Yeats claimed that the traditional "wearing of the green" that takes place every year wherever Irish people are gathered to celebrate St. Patrick's Day, creates its own "terrible beauty" because of the tragic history of Ireland. But lately that history has been the sentimental creation of people, mostly Republican Catholics, who have capitalized on the violence in Northern Ireland by romanticizing their cause and trying to tie it into the old struggle of Ireland against England. Despite the bloodshed, which has hijacked the history of Northern Ireland for generations, a momentous power-sharing agreement has been created which promises a peace for the country.

However imperfectly devised and implemented, the agreement is more than just another cease-fire or lull in the fighting that has gripped the country and the attention of the world for more than forty years. As a less than disinterested party myself, the realization that partisanship, the us against them attitude, solves nothing any more is by now terribly obvious.

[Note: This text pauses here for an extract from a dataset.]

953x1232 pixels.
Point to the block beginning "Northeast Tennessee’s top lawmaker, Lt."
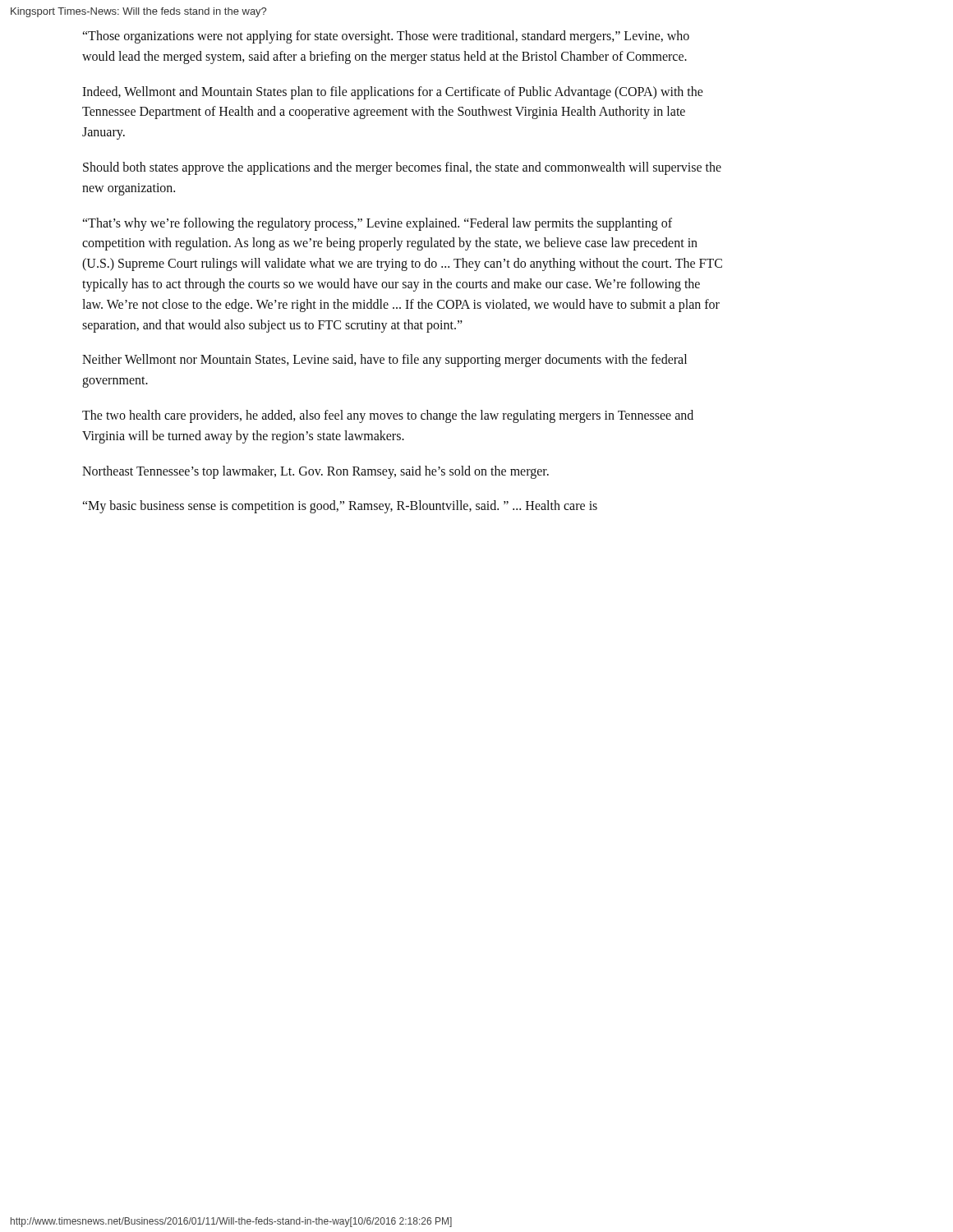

And even if I am not at all happy that one side, the Catholics, is being represented by Sinn Fein, a radical Marxist-Leninist group whose right hand is the blood-drenched IRA, at least some of their members (even Gerry Adams) have softened their views to such an extent that they can at least countenance the idea that co-existence with the Protestants is the only conceivable conclusion. That the accord has been brokered by both the British and Irish governments is another semi-miracle. What the accord means is examined here.

The longer that this peace settlement lasts, the more it makes me wonder what might have happened in Israel had the opposing parties arrived at a comparable understanding. Clearly, what has been averted in Northern Ireland for four decades is civil war, thanks to the military intervention of the British Army, which was always accused by the IRA of being an occupation force (fuelling the stupid "give Ireland back to the Irish" campaign).

The same kind of conflict - civil war - has been happening in Israel for roughly the same period in its history as the Irish "troubles", whether the ruling majority recognizes the war as a civil one or not. But co-existence between the Israelis and Palestinians is about as likely as the Second Coming. A two-state solution has been proposed, but by the time the Israelis go to the table to hammer out the details, they will probably have seized every acre of habitable real estate, leaving the Palestinians with bottom land in the Dead Sea.

2 comments:

  1. Your remarks about Northern Ireland are sound, but you obviously know nothing about Israel. Stick to what you know.

    ReplyDelete
  2. Alas, I know far more about the politics of the state of Israel than perhaps I need to, or want to.